AIDS isn't simple, neither are solutions
November 28, 2006
The simplest thing to understand on World AIDS Day this Dec. 1 is a single grim statistic: In the 25 years since the first reported cases of AIDS, 25 million people have died from the disease.
Unfortunately, it's getting worse.
Although rates of growth have slowed, HIV infections are still spreading. A just-released report from the United Nations and the World Health Organization shows 4.3 million people have become infected in 2006 alone.
Nearly half the world's 40 million people with HIV are women, and 2.3 million are children. Most infections today occur in Africa, but rates have skyrocketed in places like Eastern Europe, as well.
For a problem this vast and complex, there are no simple solutions. The disease is taking a terrible toll, despite what is being done right. That makes the things that are being done wrong inexcusable.
One of them is the Bush administration's broad, misguided emphasis on abstinence-till-marriage education. This approach omits and, in some cases, blocks information about other options.
Domestically, the federal government announced in October it would expand support for abstinence programs for teenagers to include 20 year olds to 29 year olds.
Abstinence can certainly work, but the problem is that people don't always abstain, despite the best of intentions. They never have. And we have to acknowledge that fact when a deadly virus is in circulation.
Unless abstinence is combined with information on other prevention options, people are left uneducated about how to protect themselves.
This is bad enough at home, but it's even worse abroad.

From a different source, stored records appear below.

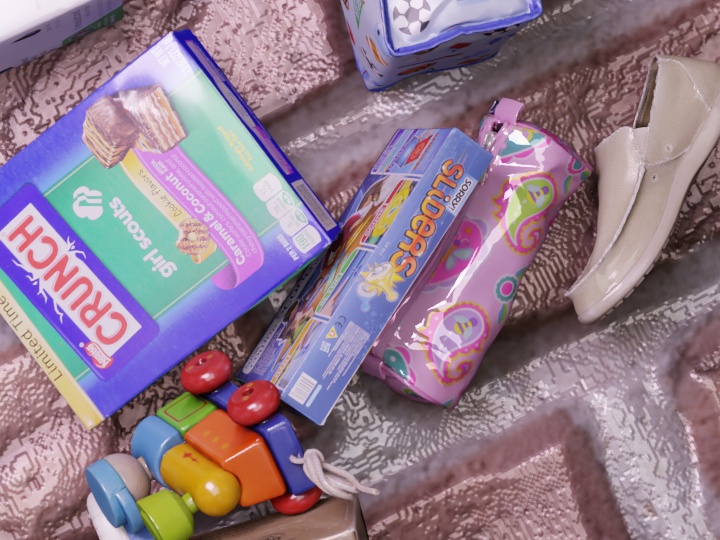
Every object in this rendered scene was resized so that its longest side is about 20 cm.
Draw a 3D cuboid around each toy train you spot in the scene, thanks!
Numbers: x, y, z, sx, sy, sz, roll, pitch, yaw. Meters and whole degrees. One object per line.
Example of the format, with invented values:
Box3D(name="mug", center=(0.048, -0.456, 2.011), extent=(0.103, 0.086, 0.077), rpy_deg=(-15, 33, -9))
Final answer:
Box3D(name="toy train", center=(-0.083, 0.130, 1.547), extent=(0.115, 0.200, 0.085), rpy_deg=(-33, 116, -17))

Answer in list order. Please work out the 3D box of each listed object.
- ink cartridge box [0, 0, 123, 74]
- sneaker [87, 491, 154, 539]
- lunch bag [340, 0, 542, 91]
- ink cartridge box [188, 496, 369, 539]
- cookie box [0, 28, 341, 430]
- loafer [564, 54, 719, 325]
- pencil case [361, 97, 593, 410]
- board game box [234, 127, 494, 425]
Box3D(name="ink cartridge box", center=(-0.256, -0.163, 1.628), extent=(0.199, 0.146, 0.085), rpy_deg=(-26, 90, -5))
Box3D(name="sneaker", center=(-0.080, 0.197, 1.649), extent=(0.111, 0.077, 0.200), rpy_deg=(-37, 94, 0))
Box3D(name="lunch bag", center=(0.036, -0.232, 1.644), extent=(0.123, 0.170, 0.201), rpy_deg=(-16, 87, -9))
Box3D(name="ink cartridge box", center=(-0.073, 0.245, 1.582), extent=(0.199, 0.075, 0.166), rpy_deg=(-15, 104, 4))
Box3D(name="cookie box", center=(-0.141, -0.027, 1.643), extent=(0.200, 0.075, 0.171), rpy_deg=(-38, 90, 9))
Box3D(name="loafer", center=(0.181, -0.057, 1.696), extent=(0.068, 0.076, 0.201), rpy_deg=(30, 75, -1))
Box3D(name="pencil case", center=(0.071, -0.009, 1.672), extent=(0.087, 0.087, 0.201), rpy_deg=(30, 87, -2))
Box3D(name="board game box", center=(0.000, 0.000, 1.641), extent=(0.034, 0.135, 0.201), rpy_deg=(34, 85, -14))

Billions of dollars in American spending on AIDS -- approved in 2003 -- are weighed down by a requirement that at least 33 percent be spent on programs that promote abstinence-till-marriage as the only way to stop the spread of the disease.
But a simplistic abstinence-till-marriage approach is not enough.
Women who lack educational opportunities and financial independence can find themselves unable to say no to husbands who are already infected. As a result, rates of HIV infection among married women are climbing in some countries, such as Thailand and India.
The United States also denies funding to proven programs, such as efforts to educate commercial sex workers about prevention. Similarly, our government blocks funds to family planning programs that mention abortion as an option, even if no American dollars are used. These programs could provide vital HIV education, if only we let them.
On World AIDS Day 2006, let's recognize that the AIDS pandemic is a complicated, fast-moving, worldwide problem. Imposing narrow ideological views is not a solution.
And let's hope that our new leaders in Congress stop wasting money, time and, ultimately, lives on moralistic wishful thinking.